**WORK REQUIRED**
For the word "strawberry", return each line of the data in which it occurs.

**** DATA RECORDS

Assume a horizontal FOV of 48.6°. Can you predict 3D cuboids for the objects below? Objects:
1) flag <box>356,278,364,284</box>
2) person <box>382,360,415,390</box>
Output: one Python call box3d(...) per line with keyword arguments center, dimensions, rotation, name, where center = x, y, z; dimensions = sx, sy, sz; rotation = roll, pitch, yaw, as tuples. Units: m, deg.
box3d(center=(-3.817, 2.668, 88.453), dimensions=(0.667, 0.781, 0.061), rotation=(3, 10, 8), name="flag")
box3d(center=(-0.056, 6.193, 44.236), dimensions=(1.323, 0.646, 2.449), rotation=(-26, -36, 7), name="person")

********
**** DATA RECORDS

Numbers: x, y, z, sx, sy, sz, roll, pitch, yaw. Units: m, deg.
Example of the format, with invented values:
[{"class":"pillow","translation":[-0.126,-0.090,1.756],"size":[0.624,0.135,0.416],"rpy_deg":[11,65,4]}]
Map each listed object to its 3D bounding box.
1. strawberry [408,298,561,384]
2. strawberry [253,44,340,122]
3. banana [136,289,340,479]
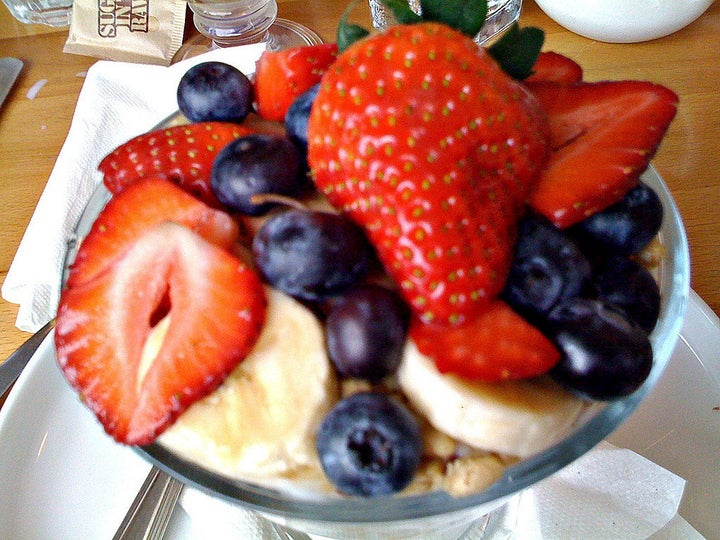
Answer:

********
**** DATA RECORDS

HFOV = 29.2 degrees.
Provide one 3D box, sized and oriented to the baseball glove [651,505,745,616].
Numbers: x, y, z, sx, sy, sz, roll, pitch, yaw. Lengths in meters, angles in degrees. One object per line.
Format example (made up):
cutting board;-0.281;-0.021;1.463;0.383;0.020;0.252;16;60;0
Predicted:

********

**ANSWER BELOW**
1. strawberry [408,298,561,384]
2. strawberry [253,44,340,122]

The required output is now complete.